§ Task to carry out: Show the lines below that contain the string "dxfattribs".

§ Supplied information:
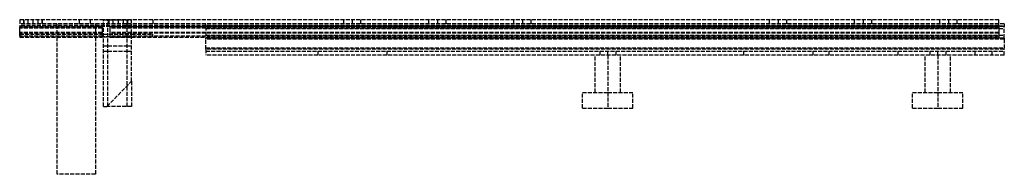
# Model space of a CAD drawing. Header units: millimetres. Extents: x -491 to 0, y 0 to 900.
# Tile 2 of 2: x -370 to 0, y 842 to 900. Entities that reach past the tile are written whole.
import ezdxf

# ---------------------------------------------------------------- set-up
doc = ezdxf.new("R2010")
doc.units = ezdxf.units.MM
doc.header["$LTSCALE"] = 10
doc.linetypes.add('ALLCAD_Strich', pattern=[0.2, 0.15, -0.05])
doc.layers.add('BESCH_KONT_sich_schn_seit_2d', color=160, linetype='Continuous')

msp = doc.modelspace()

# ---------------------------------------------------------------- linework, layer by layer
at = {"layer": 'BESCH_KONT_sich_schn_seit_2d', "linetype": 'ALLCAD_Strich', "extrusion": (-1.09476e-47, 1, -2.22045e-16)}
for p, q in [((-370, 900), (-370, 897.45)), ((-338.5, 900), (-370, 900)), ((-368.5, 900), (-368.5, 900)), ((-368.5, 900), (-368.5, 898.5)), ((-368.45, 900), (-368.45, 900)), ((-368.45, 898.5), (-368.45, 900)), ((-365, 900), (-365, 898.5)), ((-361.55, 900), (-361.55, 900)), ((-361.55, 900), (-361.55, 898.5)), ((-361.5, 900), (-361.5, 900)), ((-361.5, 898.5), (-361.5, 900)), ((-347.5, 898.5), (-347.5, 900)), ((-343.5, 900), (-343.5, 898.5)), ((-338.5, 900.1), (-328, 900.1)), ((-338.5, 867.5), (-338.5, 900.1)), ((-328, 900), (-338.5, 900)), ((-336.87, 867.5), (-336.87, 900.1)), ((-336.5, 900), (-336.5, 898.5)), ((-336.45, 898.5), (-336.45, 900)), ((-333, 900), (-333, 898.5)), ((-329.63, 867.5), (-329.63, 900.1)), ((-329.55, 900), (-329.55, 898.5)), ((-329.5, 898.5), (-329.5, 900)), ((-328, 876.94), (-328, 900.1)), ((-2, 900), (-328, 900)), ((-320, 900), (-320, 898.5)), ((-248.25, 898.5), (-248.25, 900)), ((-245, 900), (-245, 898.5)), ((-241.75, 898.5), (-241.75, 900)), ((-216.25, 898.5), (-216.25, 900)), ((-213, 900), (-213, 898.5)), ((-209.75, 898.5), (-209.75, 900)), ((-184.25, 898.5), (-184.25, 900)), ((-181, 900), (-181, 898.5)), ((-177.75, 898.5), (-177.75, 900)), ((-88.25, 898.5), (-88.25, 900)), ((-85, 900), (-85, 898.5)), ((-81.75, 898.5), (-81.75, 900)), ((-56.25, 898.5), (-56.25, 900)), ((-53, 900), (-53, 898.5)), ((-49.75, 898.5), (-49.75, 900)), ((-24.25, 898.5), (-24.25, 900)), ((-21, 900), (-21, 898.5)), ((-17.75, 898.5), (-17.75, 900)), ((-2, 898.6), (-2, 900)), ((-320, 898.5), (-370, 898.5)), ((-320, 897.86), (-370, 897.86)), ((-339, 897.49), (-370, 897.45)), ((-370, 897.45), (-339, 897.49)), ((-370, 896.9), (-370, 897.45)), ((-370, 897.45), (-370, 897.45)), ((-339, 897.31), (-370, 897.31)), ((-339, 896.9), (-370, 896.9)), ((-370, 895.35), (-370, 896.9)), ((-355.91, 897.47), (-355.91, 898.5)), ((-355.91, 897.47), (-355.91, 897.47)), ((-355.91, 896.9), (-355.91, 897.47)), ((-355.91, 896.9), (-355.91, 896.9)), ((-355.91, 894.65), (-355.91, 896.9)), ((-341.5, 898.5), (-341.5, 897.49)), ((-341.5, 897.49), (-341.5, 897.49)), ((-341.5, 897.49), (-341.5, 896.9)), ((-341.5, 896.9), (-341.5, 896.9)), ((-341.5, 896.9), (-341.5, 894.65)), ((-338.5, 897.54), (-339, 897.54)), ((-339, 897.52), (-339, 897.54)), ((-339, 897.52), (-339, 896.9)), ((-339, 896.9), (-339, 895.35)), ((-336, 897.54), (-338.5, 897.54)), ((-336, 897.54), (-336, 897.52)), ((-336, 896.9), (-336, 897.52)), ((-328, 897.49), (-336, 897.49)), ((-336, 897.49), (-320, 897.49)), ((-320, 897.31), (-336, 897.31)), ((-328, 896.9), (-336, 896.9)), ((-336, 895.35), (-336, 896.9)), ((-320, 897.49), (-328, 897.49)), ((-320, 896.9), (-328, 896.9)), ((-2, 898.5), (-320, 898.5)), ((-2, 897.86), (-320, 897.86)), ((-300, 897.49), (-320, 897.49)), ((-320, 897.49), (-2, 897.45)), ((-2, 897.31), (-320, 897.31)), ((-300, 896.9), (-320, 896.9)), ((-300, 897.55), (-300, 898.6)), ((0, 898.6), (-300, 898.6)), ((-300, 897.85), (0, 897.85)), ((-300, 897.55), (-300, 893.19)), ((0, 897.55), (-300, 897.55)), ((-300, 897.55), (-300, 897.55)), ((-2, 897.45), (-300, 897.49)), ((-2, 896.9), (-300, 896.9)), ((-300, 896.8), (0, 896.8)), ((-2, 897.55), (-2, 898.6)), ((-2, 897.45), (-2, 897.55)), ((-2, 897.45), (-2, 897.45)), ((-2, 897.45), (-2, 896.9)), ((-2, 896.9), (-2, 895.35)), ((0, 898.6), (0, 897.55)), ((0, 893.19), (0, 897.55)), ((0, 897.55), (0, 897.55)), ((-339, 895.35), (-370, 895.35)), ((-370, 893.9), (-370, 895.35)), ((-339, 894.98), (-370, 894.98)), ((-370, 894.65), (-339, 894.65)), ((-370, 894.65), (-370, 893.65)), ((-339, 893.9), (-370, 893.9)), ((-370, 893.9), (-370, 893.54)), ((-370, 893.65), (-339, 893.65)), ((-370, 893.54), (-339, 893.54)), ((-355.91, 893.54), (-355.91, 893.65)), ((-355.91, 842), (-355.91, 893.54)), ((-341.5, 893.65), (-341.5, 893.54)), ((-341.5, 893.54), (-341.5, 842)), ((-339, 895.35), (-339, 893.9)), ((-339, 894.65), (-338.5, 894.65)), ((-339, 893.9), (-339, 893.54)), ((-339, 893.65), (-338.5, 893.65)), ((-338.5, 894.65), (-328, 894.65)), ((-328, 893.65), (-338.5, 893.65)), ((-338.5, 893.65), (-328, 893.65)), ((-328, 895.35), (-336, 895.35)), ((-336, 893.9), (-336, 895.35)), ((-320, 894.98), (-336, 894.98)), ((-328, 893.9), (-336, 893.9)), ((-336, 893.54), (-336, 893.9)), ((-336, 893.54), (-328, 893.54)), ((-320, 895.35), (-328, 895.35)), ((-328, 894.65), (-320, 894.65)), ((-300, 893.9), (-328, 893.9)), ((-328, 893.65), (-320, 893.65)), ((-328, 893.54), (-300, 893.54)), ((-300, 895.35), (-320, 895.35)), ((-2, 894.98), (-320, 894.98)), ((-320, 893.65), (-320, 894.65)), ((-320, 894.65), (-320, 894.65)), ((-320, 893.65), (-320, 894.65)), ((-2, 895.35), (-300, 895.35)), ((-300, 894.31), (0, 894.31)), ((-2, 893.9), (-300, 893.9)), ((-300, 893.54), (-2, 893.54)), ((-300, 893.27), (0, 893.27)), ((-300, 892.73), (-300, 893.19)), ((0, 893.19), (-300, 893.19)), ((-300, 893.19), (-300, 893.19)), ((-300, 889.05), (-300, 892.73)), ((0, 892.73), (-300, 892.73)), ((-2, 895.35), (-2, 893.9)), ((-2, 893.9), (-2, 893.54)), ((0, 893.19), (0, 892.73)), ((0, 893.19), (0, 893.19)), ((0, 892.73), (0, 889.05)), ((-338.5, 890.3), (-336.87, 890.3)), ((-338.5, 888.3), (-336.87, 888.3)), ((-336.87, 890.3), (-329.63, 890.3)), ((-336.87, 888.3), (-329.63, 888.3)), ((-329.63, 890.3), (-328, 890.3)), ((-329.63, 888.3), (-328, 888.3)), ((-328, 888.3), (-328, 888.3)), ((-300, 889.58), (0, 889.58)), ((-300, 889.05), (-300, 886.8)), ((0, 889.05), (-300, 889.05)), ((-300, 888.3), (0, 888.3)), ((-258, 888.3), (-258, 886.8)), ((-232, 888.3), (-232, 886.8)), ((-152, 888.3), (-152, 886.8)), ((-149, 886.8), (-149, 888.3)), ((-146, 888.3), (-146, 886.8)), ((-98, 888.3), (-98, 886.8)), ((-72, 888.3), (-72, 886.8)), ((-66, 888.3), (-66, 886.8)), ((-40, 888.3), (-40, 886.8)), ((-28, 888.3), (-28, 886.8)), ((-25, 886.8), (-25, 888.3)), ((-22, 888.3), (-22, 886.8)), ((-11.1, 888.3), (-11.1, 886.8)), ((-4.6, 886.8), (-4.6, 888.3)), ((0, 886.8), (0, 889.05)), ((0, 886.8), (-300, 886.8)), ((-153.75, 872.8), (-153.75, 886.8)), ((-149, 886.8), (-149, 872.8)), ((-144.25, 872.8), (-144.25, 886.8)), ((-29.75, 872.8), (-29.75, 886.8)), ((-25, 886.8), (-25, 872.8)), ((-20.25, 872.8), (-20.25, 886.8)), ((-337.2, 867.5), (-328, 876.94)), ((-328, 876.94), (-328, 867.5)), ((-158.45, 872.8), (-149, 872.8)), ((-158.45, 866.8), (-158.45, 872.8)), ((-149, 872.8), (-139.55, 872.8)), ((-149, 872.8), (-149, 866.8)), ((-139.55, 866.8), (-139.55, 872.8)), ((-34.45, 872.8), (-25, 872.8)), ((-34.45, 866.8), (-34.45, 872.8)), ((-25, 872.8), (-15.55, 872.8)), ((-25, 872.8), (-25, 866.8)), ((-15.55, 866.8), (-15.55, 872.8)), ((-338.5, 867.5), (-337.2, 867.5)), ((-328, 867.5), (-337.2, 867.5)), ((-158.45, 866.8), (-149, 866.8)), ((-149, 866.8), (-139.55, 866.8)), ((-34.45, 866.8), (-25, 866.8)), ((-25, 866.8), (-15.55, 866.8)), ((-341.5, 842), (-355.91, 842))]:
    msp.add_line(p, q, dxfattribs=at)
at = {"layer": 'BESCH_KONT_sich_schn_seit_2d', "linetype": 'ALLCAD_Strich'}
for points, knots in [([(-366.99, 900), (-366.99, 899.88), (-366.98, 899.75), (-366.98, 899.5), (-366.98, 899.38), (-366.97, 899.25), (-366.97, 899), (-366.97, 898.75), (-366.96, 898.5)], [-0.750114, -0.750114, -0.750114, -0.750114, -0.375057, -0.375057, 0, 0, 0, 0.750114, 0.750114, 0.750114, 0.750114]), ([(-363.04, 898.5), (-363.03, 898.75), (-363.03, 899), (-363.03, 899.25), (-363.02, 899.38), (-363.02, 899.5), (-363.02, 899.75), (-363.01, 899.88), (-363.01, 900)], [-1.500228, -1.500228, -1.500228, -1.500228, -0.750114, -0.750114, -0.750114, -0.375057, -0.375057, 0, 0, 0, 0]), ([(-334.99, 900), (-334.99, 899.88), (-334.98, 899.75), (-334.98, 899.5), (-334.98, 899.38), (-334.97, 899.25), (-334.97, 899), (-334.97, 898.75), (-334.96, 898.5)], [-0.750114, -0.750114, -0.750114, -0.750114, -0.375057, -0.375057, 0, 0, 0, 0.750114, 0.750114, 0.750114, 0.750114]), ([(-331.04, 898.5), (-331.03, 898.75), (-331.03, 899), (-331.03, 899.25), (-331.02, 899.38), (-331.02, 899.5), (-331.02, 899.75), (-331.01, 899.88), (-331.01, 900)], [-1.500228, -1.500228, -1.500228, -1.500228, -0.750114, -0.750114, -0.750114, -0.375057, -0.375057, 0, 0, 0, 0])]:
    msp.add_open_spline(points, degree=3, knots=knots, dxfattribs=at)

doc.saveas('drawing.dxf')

§ Reply:
    msp.add_line(p, q, dxfattribs=at)
    msp.add_open_spline(points, degree=3, knots=knots, dxfattribs=at)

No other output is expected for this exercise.